Well over half of the pre-IND meetings requested of the FDA in 2011 were from “Emerging Sponsors,” not the traditional Pharmaceutical Companies.  More than ever before, companies need to be focused and prepared to work with the FDA to position for a successful launch.

This week, Joe D’Ambrosio from Clarkston Consulting moderated a panel of industry experts at the most recent CED Biotech Forum.  The topic was working with the FDA during the process of developing a new drug and the audience consisted of start-up drug companies, traditional big pharma, companies that provide pharmaceutical development services, and even venture capital.

Companies Requesting Time from the FDA is Growing at a Rapid Pace

A key theme that ran through the entire session was that clearly the number of companies requesting time from the FDA is growing at a rapid pace – especially what are defined as “Emerging Sponsor” products or those that are not coming from the traditional big pharma/biotech companies.  With the field getting more and more crowded, the FDA is experiencing further strain on being able to accommodate all the requests being made.  This is evident in the backlog of NDA, ANDA, and other types of approvals at the agency.  The collection of users fees is designed to help in this matter, however, it is Clarkston’s opinion that the challenges and wait times are likely to increase before they get better.
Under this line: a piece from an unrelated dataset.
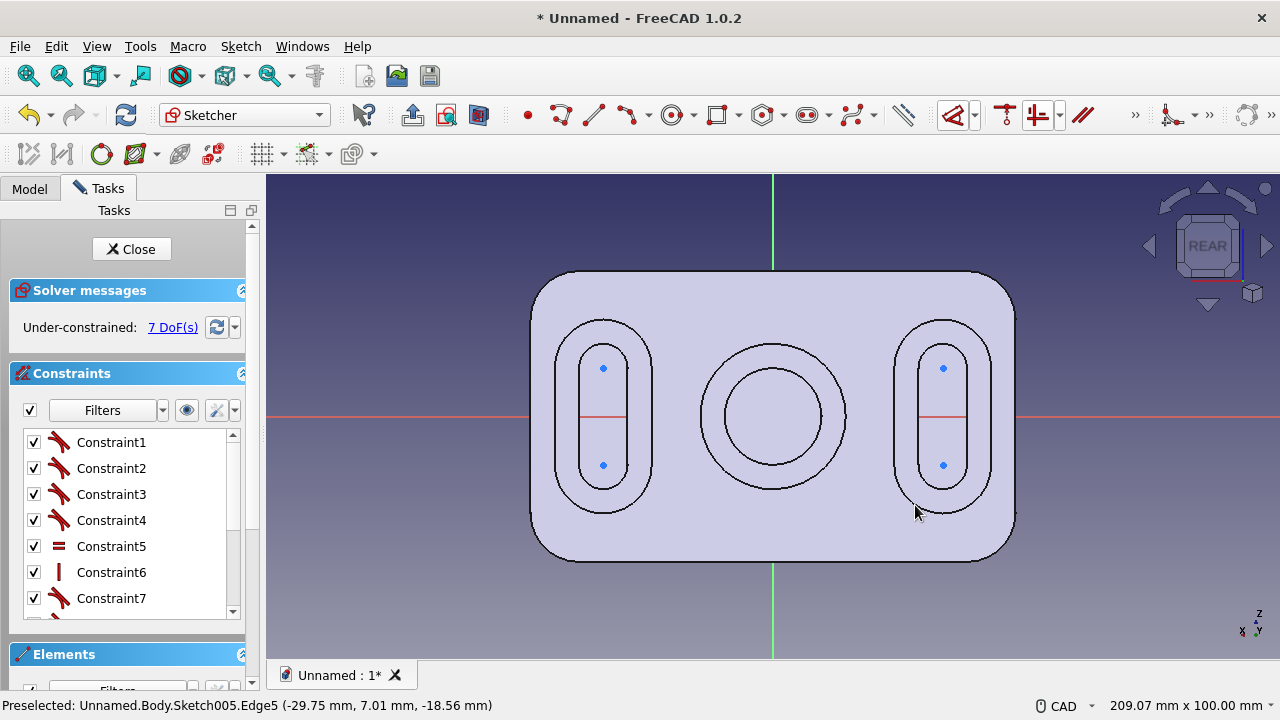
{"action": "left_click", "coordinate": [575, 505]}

During the session, various types of drug evaluation / approval pathways were discussed.  There was much emphasis placed on the 505(b)(2) approval pathway.  505(b)(2) is defined by the FDA as an NDA containing investigations of safety and effectiveness that are being relied upon for approval but that were not conducted by or for the applicant, and for which the applicant has not obtained a right of reference.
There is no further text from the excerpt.